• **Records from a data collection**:
════════

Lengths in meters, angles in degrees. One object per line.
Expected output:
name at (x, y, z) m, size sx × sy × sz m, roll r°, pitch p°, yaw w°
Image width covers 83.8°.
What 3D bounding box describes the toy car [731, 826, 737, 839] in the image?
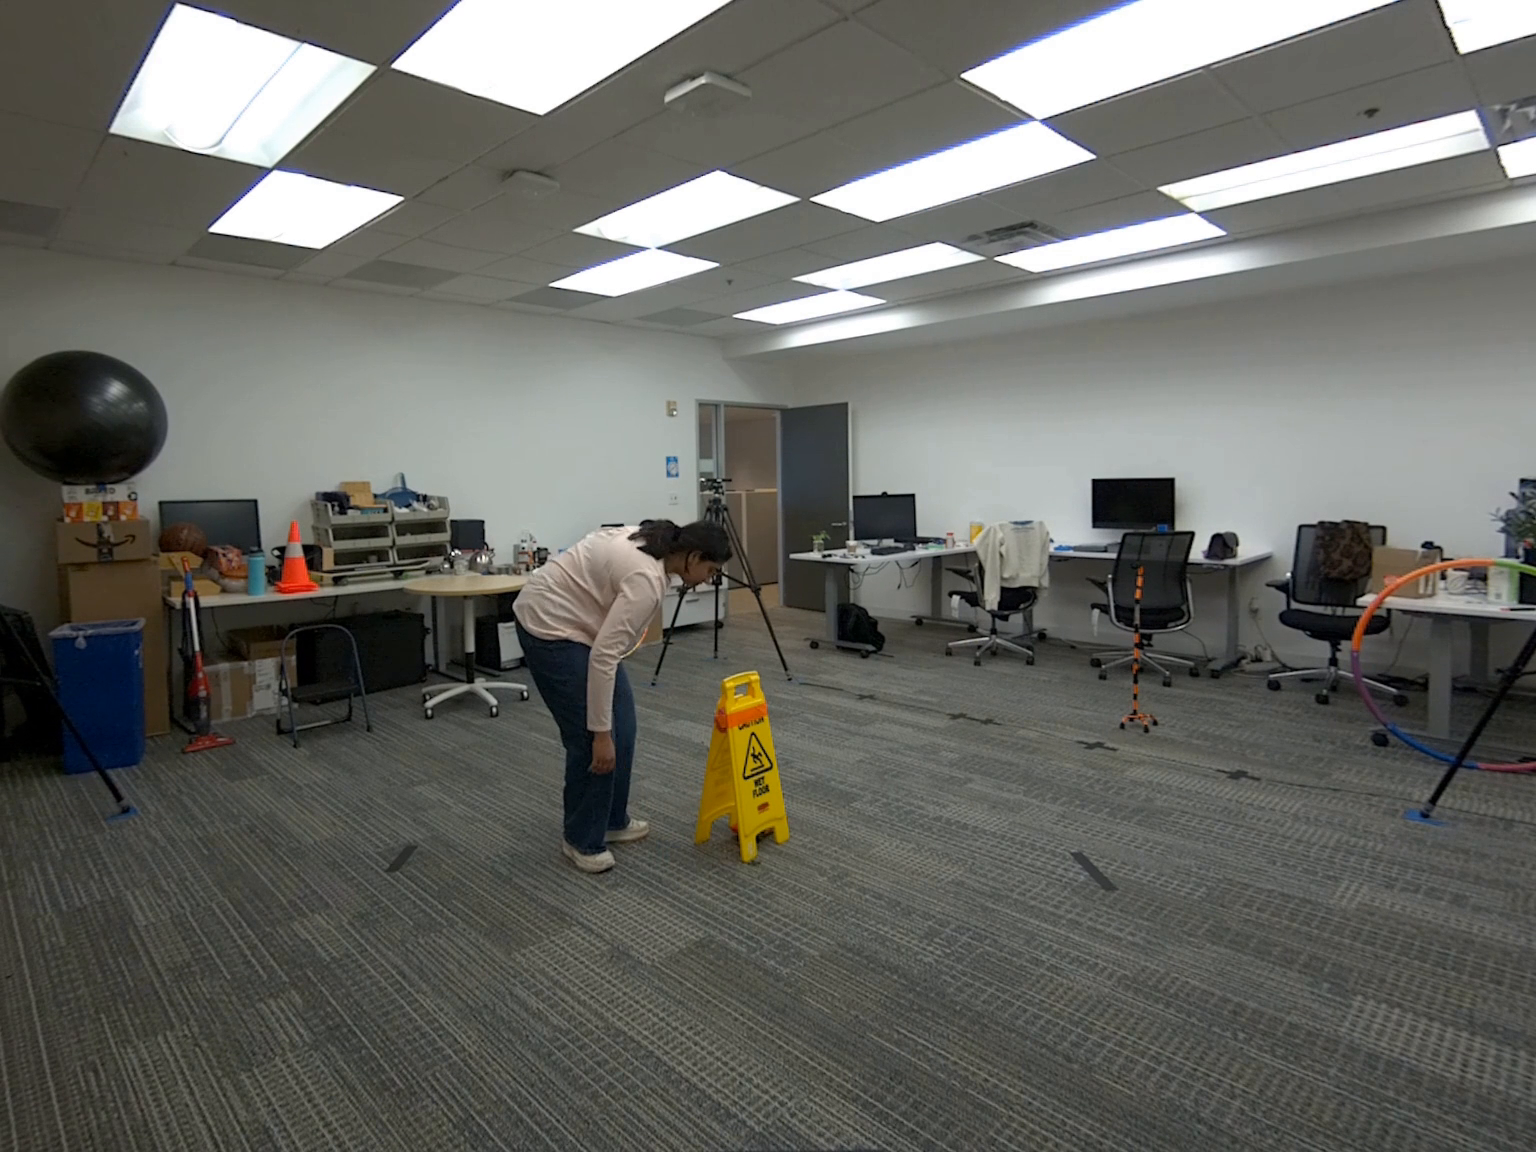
toy car at (-0.035, 0.981, 3.359) m, size 0.246 × 0.083 × 0.134 m, roll 6°, pitch 1°, yaw -44°

════════

Leave out each picture and extract the lines from the one containing "What 3D bounding" through the end of the records above, inclusive, exactly as they stand.

• **Worked solution**:
What 3D bounding box describes the toy car [731, 826, 737, 839] in the image?
toy car at (-0.035, 0.981, 3.359) m, size 0.246 × 0.083 × 0.134 m, roll 6°, pitch 1°, yaw -44°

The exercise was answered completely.